Once more bracing his feet against the wall, he drew himself up by the strong ivy, hung a moment by one hand while with the other he tossed the rubberized cloth across the top of the wall, then hoisted himself slowly, taking care to let his fingers come in contact with nothing not covered by the auto curtains.

"Up, Friend Trowbridge!" he extended his hand to me and drew me beside him, but: "Have a care, keep upon the curtains, for your life!" he commanded as I gained the wall's top, then played the beam of his pocket flash along the bricks beside us. Running along the wall-top were four parallel wires, each supported at intervals of twenty feet or so by little porcelain insulators. But for the warning we received when the cat was killed, and de Grandin's fore-thought in fetching the rubber curtains, we should surely have been electrocuted the moment we scaled the wall, for the wires were so spaced that contact with at least one of them could not possibly be avoided by anyone attempting to scramble across the

Taking advantage of the ample shelter afforded by the great trees, we stole across the wide lawn and brought up at the house without incident. Nowhere was there any trace of occupancy, for all the windows were darkened, and, save for the night wind soughing through the towering evergreens, the place lay wrapped in graveyard silence. By a side door we found the big black ear which had brought Laïla and Fräulein Mueller. Working rapidly, de Grandin unfastened the twisted wires with which the can of luminous paint was attached to the gas tank and tossed the nearly empty tin into an adjacent flower bed. This done, he considered the big machine speculatively a moment, then grinned like a mischievous boy about to perpetrate a prank. "Why not, pour l'amour de Dieu?" he demanded with a chuckle as he drew a wicked-looking case knife from his pocket and made four or five incisions in each of the vehicle's balloon tires close to the rims. As the air fled hissing from the punctured tubes he turned away with a satisfied laugh. "Nom d'un canard, but they shall blaspheme most horribly when they discover what I have done," he assured me as we continued our circuit of the house.

The tenants evidently placed implicit faith in their electrified wall, for there seemed no attempt to bar ingress, once the intruder had managed to pass the silent sentries on the wall-top. An unlatched window at the front of the building invited us to push our explorations farther, and a moment later we had let ourselves in, and, guided by cautious flashes from de Grandin's pocket light, were creeping down a wide central hall.

"Now, my friend," de Grandin whispered, "I wonder much which way leads to—s-s-sh!" he paused abruptly as a quick, nervous step sounded at the hall's farther end.

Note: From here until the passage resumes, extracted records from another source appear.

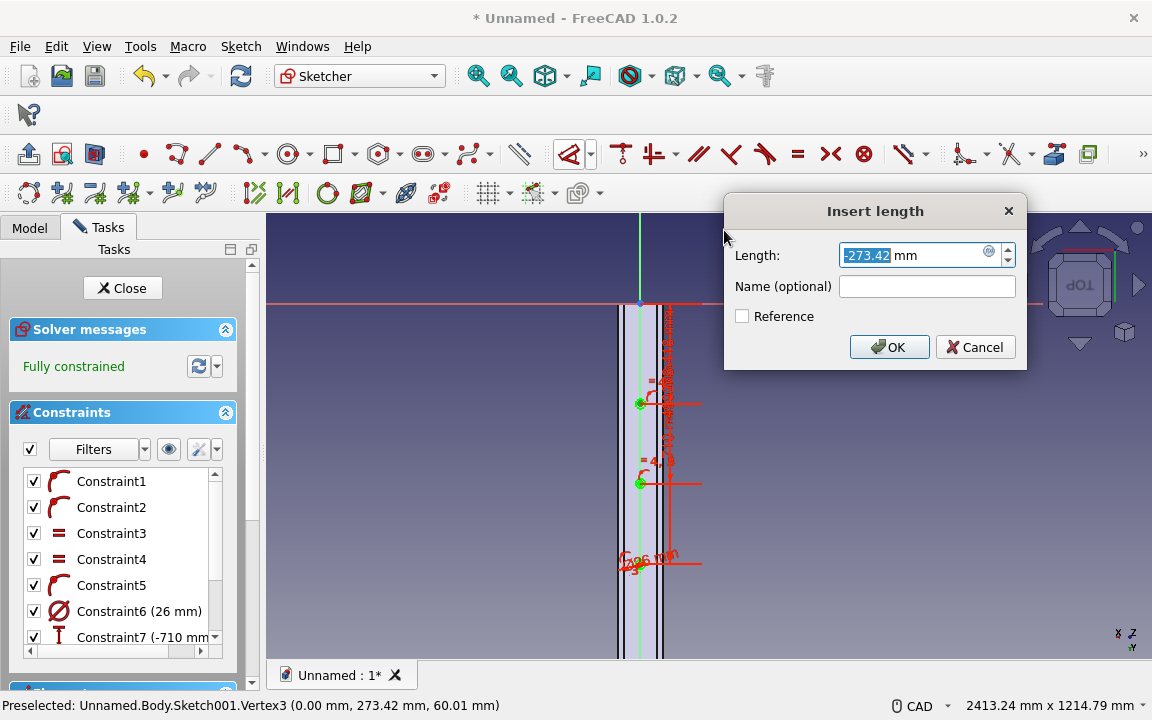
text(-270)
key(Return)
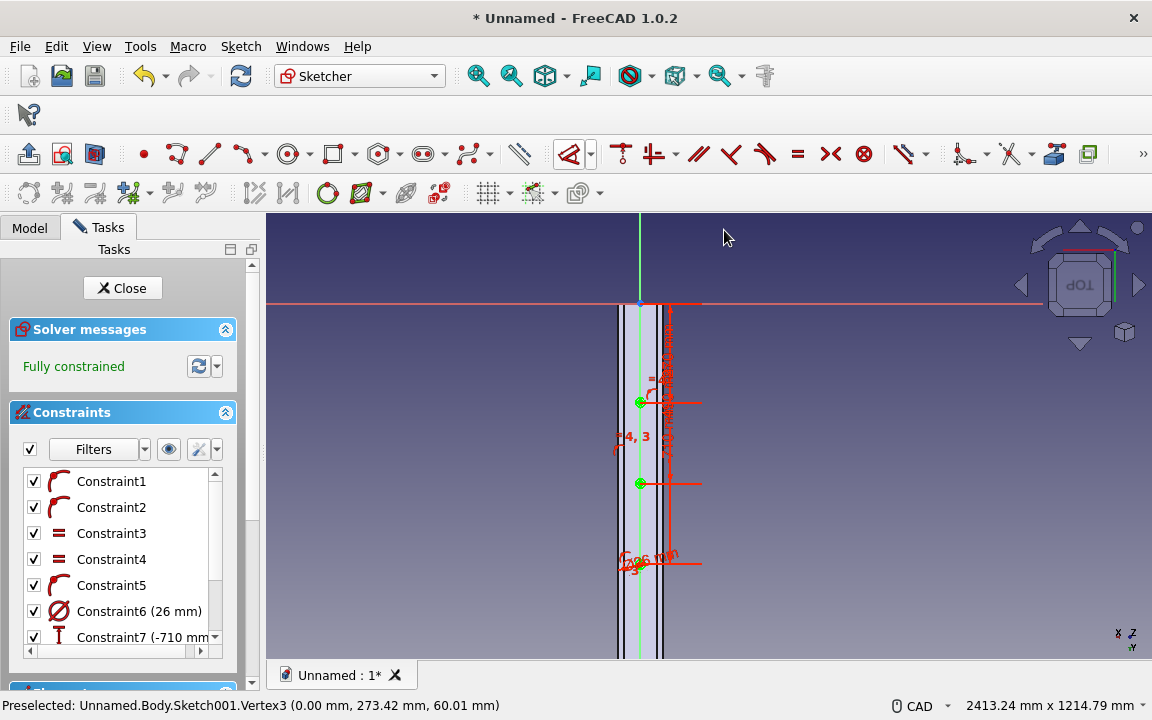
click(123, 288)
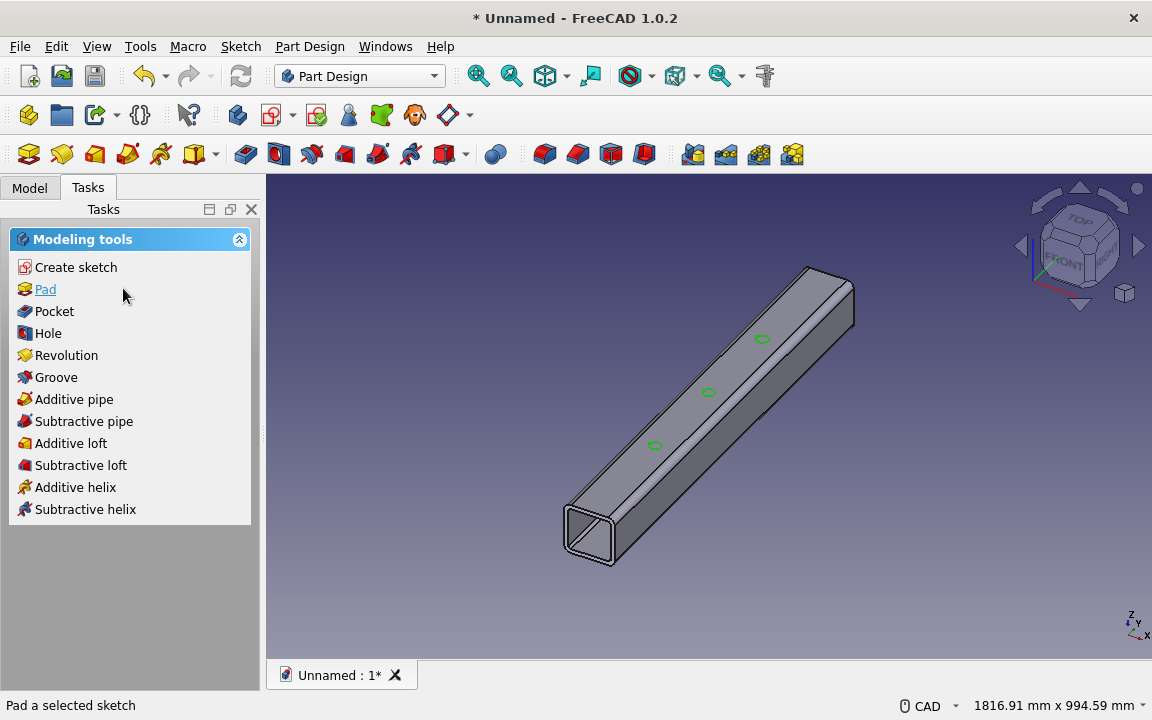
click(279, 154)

There was no time to reconnoiter the position, for the beam of our flashlight would surely betray our presence. Some four paces back we had passed a doorway, and, shutting off his light, de Grandin wheeled in his tracks, grasped my arm and dragged me toward it with all speed.

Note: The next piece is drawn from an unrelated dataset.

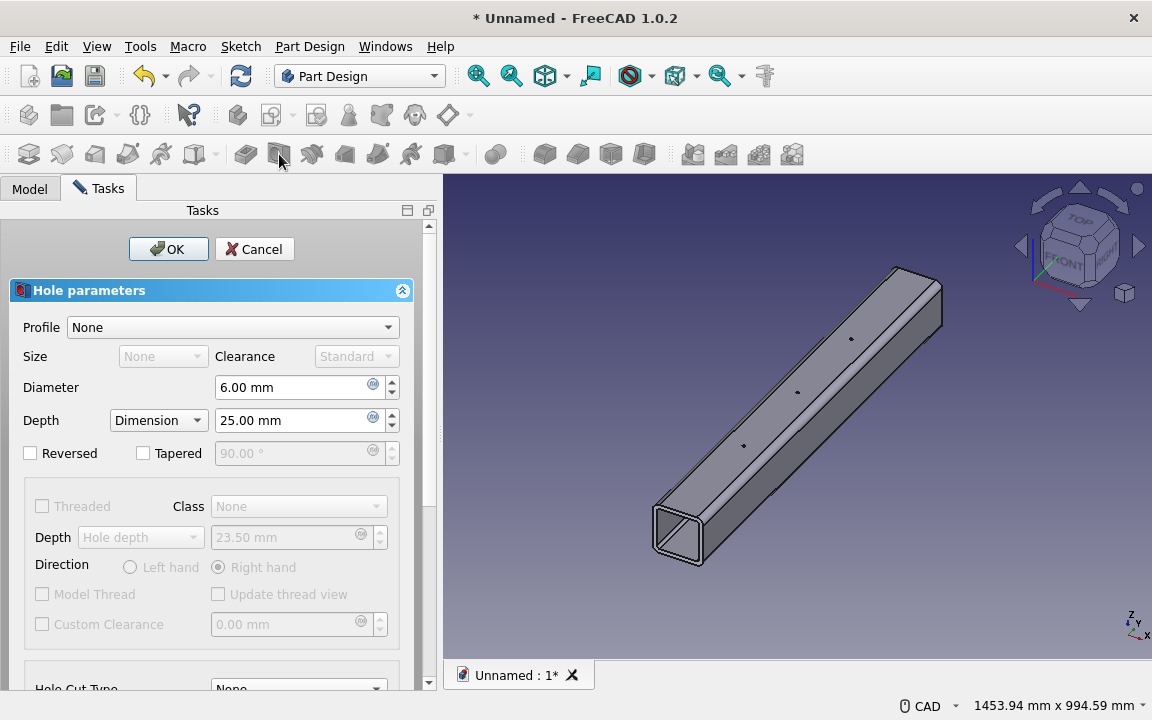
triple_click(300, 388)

Fortunately the lock was unfastened and the knob turned soundlessly in his hand. Grasping his revolver, he took a deep breath, motioned me to silence, swung the door back and stepped softly into the room.


5

Darkness, black and impenetrable as a curtain of sable velvet, closed about us as we crossed the threshold. Dared we flash our light? Was there anyone hidden behind that veil of gloom, ready to pounce on us the moment we disclosed our position? We rested a moment, silently debating our next move, when:

"Doctor—Dr. Martulus"—a weak feminine voice quavered from the room's farther end—"I'll sign the paper. I'll go through the ordeal, only, for pity's sake, let me out. Don't let him visit me again. Oh, o-o-o-oh, I'll go insane if he comes again. Truly, I will!"

"Eh, what is this?" de Grandin demanded sharply, taking a hasty step forward in the dark, then pressing the switch of his flashlight. "Cordieu—pardonnez-moi, Madame!" He shut the light off abruptly, but in its momentary beam we had beheld a sight which brought a gasp of astonishment to our lips. Tethered to the wall by a heavy chain and metal collar locked round her scrawny neck, nude save for a pair of broken felt house-slippers and a tattered and much soiled chemise, thin to the point of emaciation, a woman crouched sobbing and whimpering on the floor. She was no longer young, and almost certainly she had never been lovely, but her voice, for all its burden of misery and terror, was low-pitched and cultured, and her pronunciation that of a person of refinement.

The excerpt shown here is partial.